Note that interfaces can't have static methods, so javac generates an
anonymous class to hold the anonymous method!
public interface InterfaceTest {
static Class c2 = String.class;
}
Javac will generate code roughly like this:
public interface InterfaceTest {
static Class c2;
static {
if (InterfaceTest$1.class$java$lang$String == null) {
(InterfaceTest$1.class$java$lang$String = class$("java.lang.String");
}
c2 = (InterfaceTest$1.class$java$lang$String;
}
}
public class InterfaceTest$1 {
static Class class$java$lang$String;
static Class class$(String name) {
try {
return Class.forName(name);
} catch (ClassNotFoundException ex) {
Exception newex = new NoClassDefFoundError(ex.getMessage());
}
}
}
This results in the same amount of bytecode overhead, but now
we have extra class overhead. The class file for the anonymous class
InterfaceTest$1 is about 587 bytes. Now multiply this by
every interface that references a class literal.
Java Native Access
So why would anyone have interfaces that references a class literals?
Check out the
Java Native Access
(JNA) project. JNA is an interesting system that lets you declare
native functions you'd like to call from Java, and JNA takes care of generating
a callout,
without generating any JNI
code. I'll be blogging about JNA in the future.
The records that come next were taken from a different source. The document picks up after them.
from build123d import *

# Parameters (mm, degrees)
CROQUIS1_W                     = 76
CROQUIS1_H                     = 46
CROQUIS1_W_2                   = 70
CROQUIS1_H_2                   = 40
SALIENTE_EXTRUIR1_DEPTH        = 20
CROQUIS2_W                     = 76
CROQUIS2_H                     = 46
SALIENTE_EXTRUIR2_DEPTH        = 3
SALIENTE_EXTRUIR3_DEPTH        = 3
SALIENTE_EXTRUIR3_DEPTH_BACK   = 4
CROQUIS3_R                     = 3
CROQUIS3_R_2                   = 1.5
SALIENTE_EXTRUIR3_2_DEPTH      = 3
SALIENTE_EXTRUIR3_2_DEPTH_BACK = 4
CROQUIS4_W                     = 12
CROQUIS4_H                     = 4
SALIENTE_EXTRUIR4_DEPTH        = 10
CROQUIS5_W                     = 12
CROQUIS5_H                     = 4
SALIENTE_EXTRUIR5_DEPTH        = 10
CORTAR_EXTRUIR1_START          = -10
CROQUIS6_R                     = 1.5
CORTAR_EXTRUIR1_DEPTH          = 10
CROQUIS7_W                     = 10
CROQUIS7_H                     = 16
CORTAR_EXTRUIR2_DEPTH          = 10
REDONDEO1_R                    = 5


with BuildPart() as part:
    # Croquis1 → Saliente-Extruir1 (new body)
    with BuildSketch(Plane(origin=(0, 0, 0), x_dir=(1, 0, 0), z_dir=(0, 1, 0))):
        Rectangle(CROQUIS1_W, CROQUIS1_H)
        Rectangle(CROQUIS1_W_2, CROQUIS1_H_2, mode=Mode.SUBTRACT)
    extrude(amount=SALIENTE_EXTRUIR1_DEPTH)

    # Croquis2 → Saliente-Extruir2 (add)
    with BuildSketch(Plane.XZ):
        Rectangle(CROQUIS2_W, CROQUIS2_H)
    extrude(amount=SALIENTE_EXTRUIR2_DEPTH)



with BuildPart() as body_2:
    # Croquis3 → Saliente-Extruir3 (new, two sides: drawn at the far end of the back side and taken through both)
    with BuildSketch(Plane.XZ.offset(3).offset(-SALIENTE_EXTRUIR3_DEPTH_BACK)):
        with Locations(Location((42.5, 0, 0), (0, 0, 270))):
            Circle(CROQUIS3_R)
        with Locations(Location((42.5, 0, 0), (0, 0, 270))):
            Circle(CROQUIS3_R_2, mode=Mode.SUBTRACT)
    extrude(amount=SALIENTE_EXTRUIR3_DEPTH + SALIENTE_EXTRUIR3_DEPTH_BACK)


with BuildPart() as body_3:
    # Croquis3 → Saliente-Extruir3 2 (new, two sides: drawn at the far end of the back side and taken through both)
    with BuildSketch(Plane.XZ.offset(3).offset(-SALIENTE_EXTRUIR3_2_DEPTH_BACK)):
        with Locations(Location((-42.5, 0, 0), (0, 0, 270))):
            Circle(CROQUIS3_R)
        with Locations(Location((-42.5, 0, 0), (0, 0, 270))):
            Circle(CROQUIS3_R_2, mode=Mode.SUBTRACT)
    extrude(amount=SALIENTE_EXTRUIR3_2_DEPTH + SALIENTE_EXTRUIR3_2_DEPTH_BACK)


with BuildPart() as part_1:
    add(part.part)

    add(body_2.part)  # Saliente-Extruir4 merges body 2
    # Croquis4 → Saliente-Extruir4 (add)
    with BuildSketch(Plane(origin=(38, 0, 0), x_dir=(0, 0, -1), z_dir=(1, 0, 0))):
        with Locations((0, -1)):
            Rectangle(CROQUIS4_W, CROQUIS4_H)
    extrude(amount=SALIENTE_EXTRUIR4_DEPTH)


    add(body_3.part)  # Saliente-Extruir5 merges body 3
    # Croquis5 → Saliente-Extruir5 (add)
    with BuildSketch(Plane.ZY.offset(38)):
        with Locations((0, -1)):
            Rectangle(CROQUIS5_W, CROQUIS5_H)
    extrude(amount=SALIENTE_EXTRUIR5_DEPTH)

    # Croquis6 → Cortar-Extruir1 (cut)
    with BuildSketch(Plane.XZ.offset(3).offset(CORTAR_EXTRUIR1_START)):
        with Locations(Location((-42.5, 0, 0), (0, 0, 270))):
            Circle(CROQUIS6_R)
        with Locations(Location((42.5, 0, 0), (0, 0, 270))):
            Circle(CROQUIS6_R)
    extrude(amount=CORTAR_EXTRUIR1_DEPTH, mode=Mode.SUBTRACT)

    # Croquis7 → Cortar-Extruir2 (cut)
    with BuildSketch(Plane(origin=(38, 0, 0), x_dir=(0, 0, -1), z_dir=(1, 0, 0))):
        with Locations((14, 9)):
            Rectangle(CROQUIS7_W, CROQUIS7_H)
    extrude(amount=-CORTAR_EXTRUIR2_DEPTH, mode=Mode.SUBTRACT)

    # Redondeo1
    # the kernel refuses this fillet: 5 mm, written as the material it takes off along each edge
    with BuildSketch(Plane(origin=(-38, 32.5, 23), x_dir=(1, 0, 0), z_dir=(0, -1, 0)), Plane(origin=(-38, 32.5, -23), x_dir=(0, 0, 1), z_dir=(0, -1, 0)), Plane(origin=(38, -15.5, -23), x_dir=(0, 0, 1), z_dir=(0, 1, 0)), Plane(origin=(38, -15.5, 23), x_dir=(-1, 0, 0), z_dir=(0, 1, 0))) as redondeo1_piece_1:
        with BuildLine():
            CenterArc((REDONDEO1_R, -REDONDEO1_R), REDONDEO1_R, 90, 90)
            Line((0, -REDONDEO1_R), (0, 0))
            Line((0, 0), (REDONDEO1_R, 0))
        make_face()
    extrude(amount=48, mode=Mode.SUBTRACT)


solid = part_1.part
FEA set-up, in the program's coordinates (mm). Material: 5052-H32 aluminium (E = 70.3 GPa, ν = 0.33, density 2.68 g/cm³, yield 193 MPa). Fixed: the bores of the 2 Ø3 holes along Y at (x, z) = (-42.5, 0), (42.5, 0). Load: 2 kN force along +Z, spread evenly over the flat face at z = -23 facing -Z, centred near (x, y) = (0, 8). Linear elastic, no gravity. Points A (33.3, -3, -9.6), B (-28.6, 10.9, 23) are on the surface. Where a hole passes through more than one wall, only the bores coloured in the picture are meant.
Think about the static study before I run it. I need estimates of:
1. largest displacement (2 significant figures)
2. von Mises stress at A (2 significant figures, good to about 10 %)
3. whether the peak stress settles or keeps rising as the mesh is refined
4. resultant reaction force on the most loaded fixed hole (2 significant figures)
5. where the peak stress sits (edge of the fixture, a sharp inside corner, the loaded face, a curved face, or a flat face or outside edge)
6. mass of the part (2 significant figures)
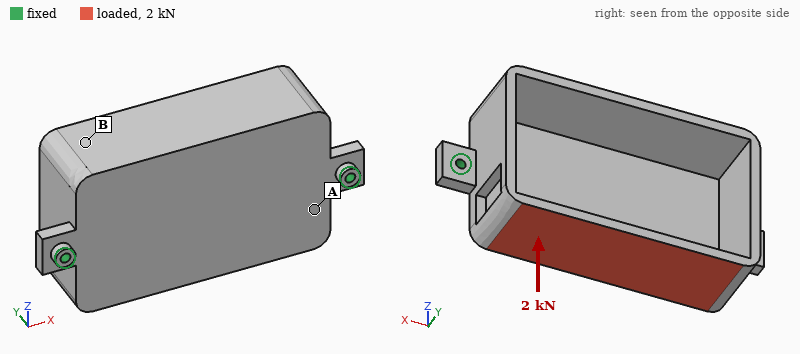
0.52 mm
52 MPa
keeps rising
1.0 kN
edge of the fixture
66 g
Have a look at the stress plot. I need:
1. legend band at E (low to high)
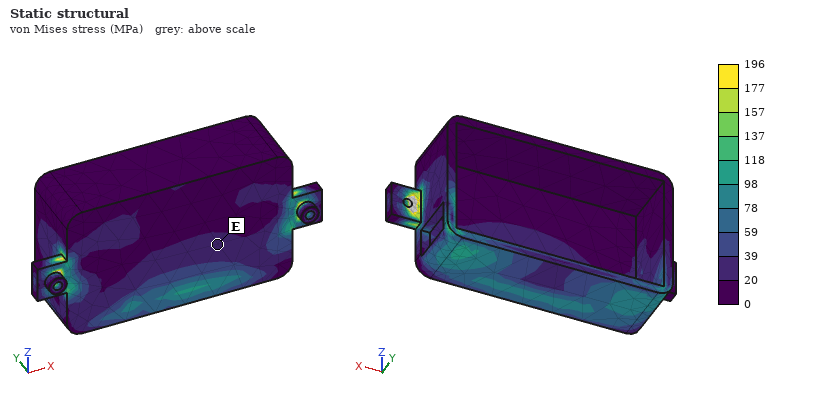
20 to 39 MPa
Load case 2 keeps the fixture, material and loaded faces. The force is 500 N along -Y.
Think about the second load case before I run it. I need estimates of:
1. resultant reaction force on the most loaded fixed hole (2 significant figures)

250 N
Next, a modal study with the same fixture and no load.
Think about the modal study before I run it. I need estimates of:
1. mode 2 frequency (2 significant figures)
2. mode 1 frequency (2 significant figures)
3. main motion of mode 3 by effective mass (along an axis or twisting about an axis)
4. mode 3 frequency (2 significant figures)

3200 Hz
1700 Hz
along Y
4100 Hz

The typical JNA usage pattern is to declare an interface that
contains the functions you want to call (as interface methods), and
JNA creates an implementation that will actually do
the call. To match the interface and implementation to a dynamic
library containing the native code, the interface should declare a
static variable such as:
public interface CLibrary extends Library {
CLibrary INSTANCE = (CLibrary)
Native.loadLibrary((Platform.isWindows() ? "msvcrt" : "c"),
CLibrary.class);
void printf(String format, Object... args);
}
So What? And Where's the Squawk Connection?
OK, to recap, in Java 1.5 and later, this doesn't happen because the
JVM can handle class literals. But in a
Java ME system with tight memory constraints, such as what Squawk is
designed for, this could add up.
But the Squawk VM handles class literals just fine, it's just that javac doesn't
know that. In the process of converting normal Java bytecodes
into Squawk bytecodes, we can do a lot of cleanup. The simplest trick
that comes to mind is to pattern match in the static initializer
"clinit", looking for the initialization of the anonymous field with
a call to the anonymous method.
If we simply replace the call to class$("java.lang.String")
with a load of the class literal, then the anonymous method will not
be called, and the dead method elimination (DME) phase will delete the
method.
Getting rid of the anonymous class is trickier than I first
thought, because the cache variable ("class$java$lang$String") gets
declared in the anonymous class. In theory we can handle this by
constant propagation - the cache field is final, and is really
initialized by a constant value, so we can replace references to
the cache with the load of the constant class litereal. If we implemented dead field elimination there
would be no references to any fields or methods of the anonymous
class and dead class elimination (DCE) could do it's job!
I've got to get dead class elimination checked in one of these days, but in the meantime I now know where all of these anonymous classes are coming from.
ps. I'd like to thank openjdk.java.net for having the sources for everything, in particular Lower.java.